== Data for review
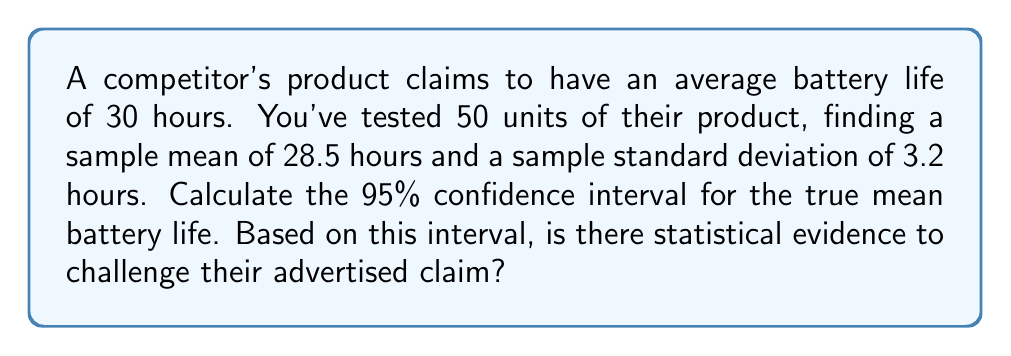Solve this math problem. To calculate the 95% confidence interval for the true mean battery life, we'll use the t-distribution since we're working with a sample size less than 30 and don't know the population standard deviation.

Step 1: Identify the known values
- Sample size: $n = 50$
- Sample mean: $\bar{x} = 28.5$ hours
- Sample standard deviation: $s = 3.2$ hours
- Confidence level: 95% (α = 0.05)

Step 2: Determine the critical t-value
With 49 degrees of freedom (n - 1) and α = 0.05 for a two-tailed test, the critical t-value is approximately 2.01 (from t-distribution table).

Step 3: Calculate the margin of error
Margin of error = $t_{\frac{\alpha}{2}, n-1} \cdot \frac{s}{\sqrt{n}}$
$= 2.01 \cdot \frac{3.2}{\sqrt{50}} = 0.91$

Step 4: Compute the confidence interval
Lower bound = $\bar{x} - \text{margin of error} = 28.5 - 0.91 = 27.59$
Upper bound = $\bar{x} + \text{margin of error} = 28.5 + 0.91 = 29.41$

The 95% confidence interval is (27.59, 29.41) hours.

Step 5: Assess the claim
The advertised claim of 30 hours falls outside this confidence interval, providing statistical evidence to challenge their claim.
Answer: 95% CI: (27.59, 29.41) hours; Evidence to challenge the 30-hour claim. 
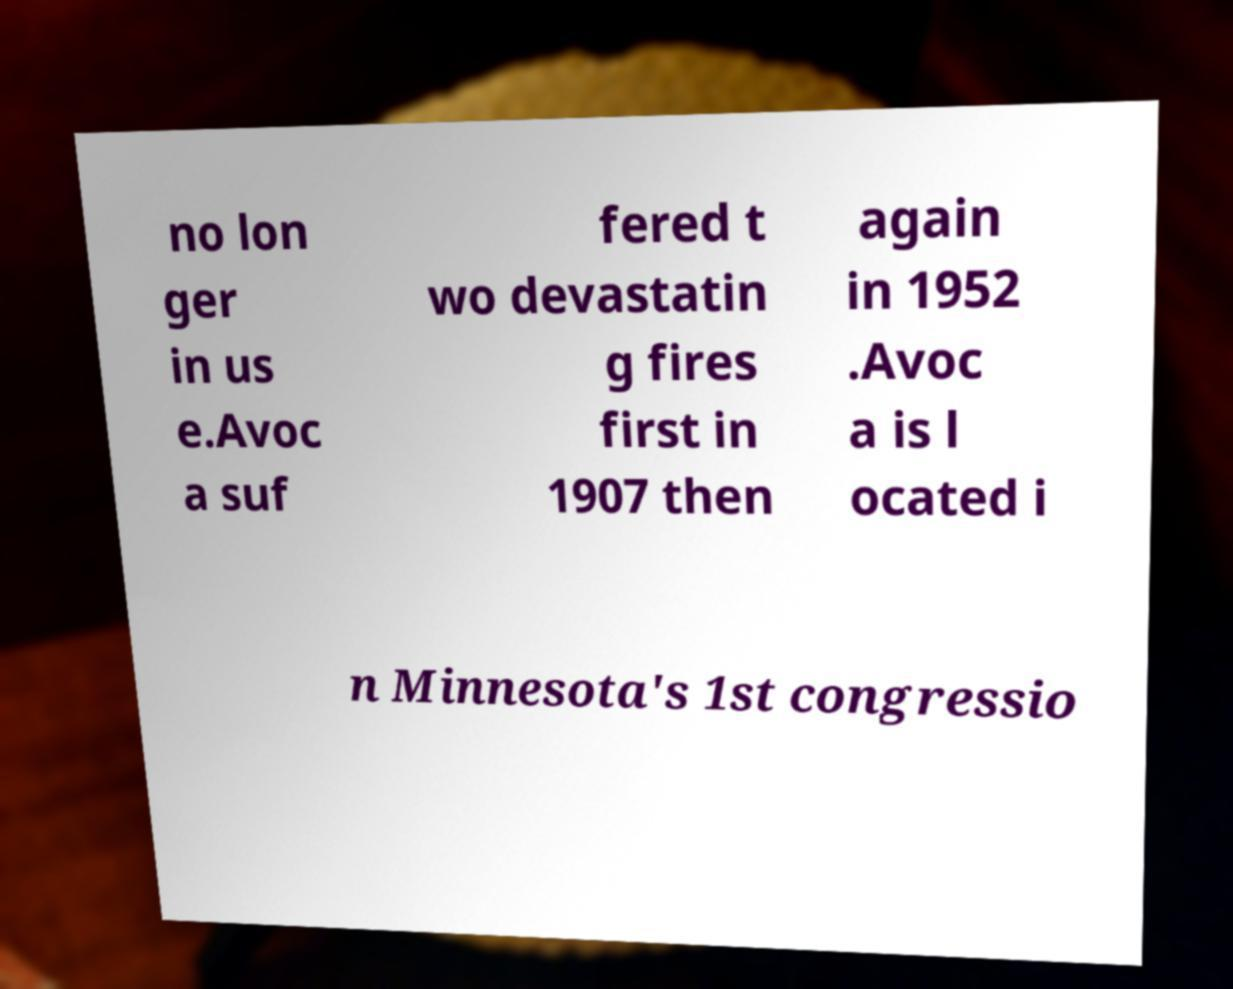I need the written content from this picture converted into text. Can you do that? no lon ger in us e.Avoc a suf fered t wo devastatin g fires first in 1907 then again in 1952 .Avoc a is l ocated i n Minnesota's 1st congressio
====
**What you will do:** Write out the lines of the entries above exactly, beginning with the first and ending with the line that contains "Step 4: Compute the confidence interval". No picture goes in.

**Output for this exercise:**
Solve this math problem. To calculate the 95% confidence interval for the true mean battery life, we'll use the t-distribution since we're working with a sample size less than 30 and don't know the population standard deviation.

Step 1: Identify the known values
- Sample size: $n = 50$
- Sample mean: $\bar{x} = 28.5$ hours
- Sample standard deviation: $s = 3.2$ hours
- Confidence level: 95% (α = 0.05)

Step 2: Determine the critical t-value
With 49 degrees of freedom (n - 1) and α = 0.05 for a two-tailed test, the critical t-value is approximately 2.01 (from t-distribution table).

Step 3: Calculate the margin of error
Margin of error = $t_{\frac{\alpha}{2}, n-1} \cdot \frac{s}{\sqrt{n}}$
$= 2.01 \cdot \frac{3.2}{\sqrt{50}} = 0.91$

Step 4: Compute the confidence interval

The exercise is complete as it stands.